2. Extended the length of variable names from 8 to 10 for data
conversion to SAS.
3. Added code for PROC GLM and PROC REG if SAS output is selected.
4. Added a suggestion to use white or yellow colors if leaf node
numbers are selected.
5. Allow execution to continue if an excluded variable contains values
longer than 20 characters.
6. Allow option 3 (data conversion) to proceed if there are data
values longer than 20 characters, with a warning that they are
truncated.
Changes in version 4.2:
1. Corrected a bug that affects relative risk regression when some D
or T variables have missing values.
2. Added an option for weighted or unweighted error estimation when a
weight variable exists. The default is unweighted.
3. Changed from zero-truncated normal to 1-df chi-square statistic for
split variable selection.
Changes in version 4.1:
1. Corrected a bug in output for truncation type 2.
2. Reverted default value of mindat to 0 for stepwise option.
Changes in version 4.0:
1. Added an option for least median of squares (robust) regression for
multiple and best simple linear fitting.
2. Increased amount of information output to (optional) file containing
names and regression coefficients in leaf nodes.
3. Changed absolute z to truncated z for variable selection and
bootstrap bias correction.
4. Added an option to save multiple regression coefs in a separate file.
5. Added an option to fit piecewise least-squares multiple linear
regression without intercept terms.
6. Added an option to not truncate, truncate fitted values, or
truncate x-values before prediction.
7. Added option to drop insignificant leading powers in polynomial models.

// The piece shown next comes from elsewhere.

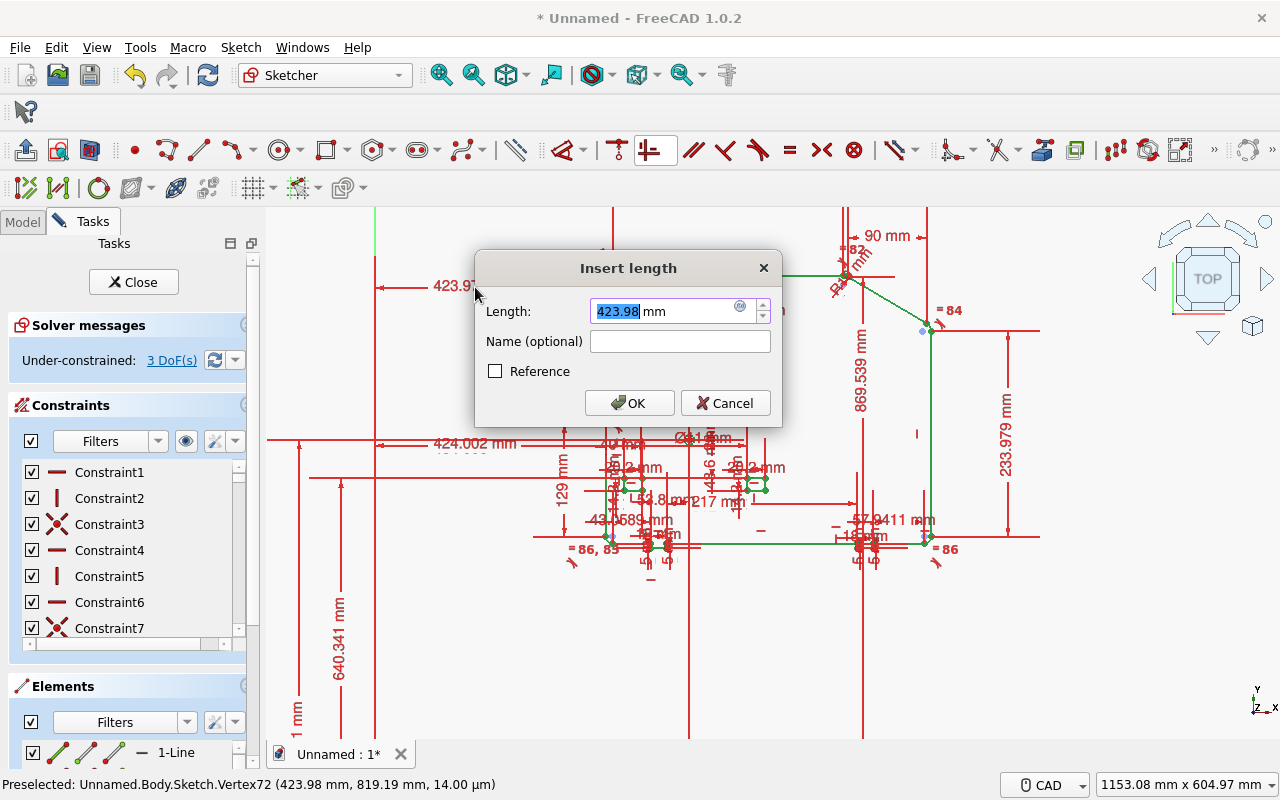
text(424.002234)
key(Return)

8. Added option for stepwise simple linear ANCOVA.
9. Allowed stepwise linear option to use "c" or "b" categorical variables.
10. Fixed a bug that affected datasets with missing values but without
weight variables.
11. Fixed a bug in split point selection to use total mean deviance
instead of total deviance.
12. Added option for all subsets regression.

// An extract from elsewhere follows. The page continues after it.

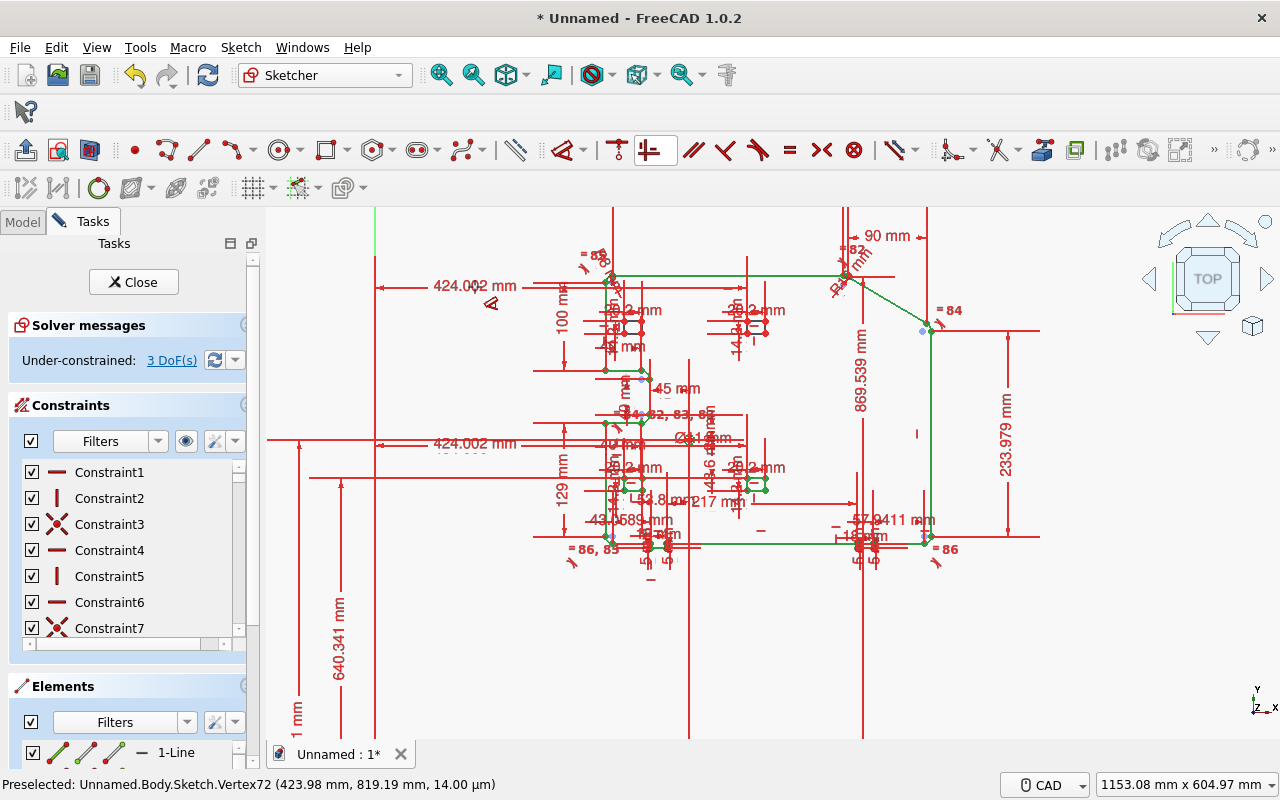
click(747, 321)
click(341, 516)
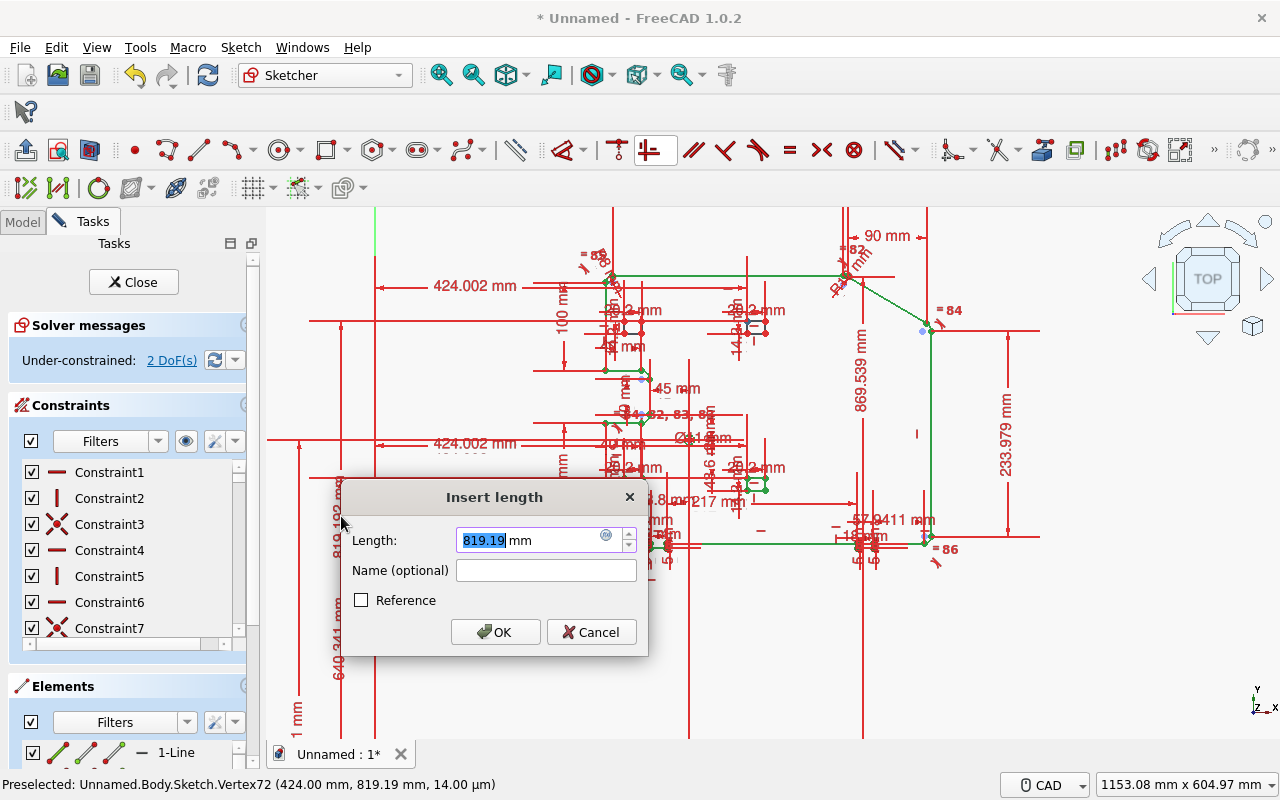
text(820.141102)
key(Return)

13. Improved search over split points for non-exhaustive search.
14. Changed option for non-exhaustive search from fraction to number.
Changes in version 3.1:
1. For stepwise and polynomial regression, added option to write the
leaf node number and the selected regressors into a separate file.
2. Added option for colored leaf nodes and improved font sizes in
LaTeX tree diagrams.
3. Added optional file of node IDs and fitted values of a column to
indicate training observation.
4. Added R-squared value for tree model (least-squares fit only).
5. Fixed bug in interaction test. Now preference for "c" variable is
given on to multiple linear regression.
6. Increased number of trees in pruning sequence.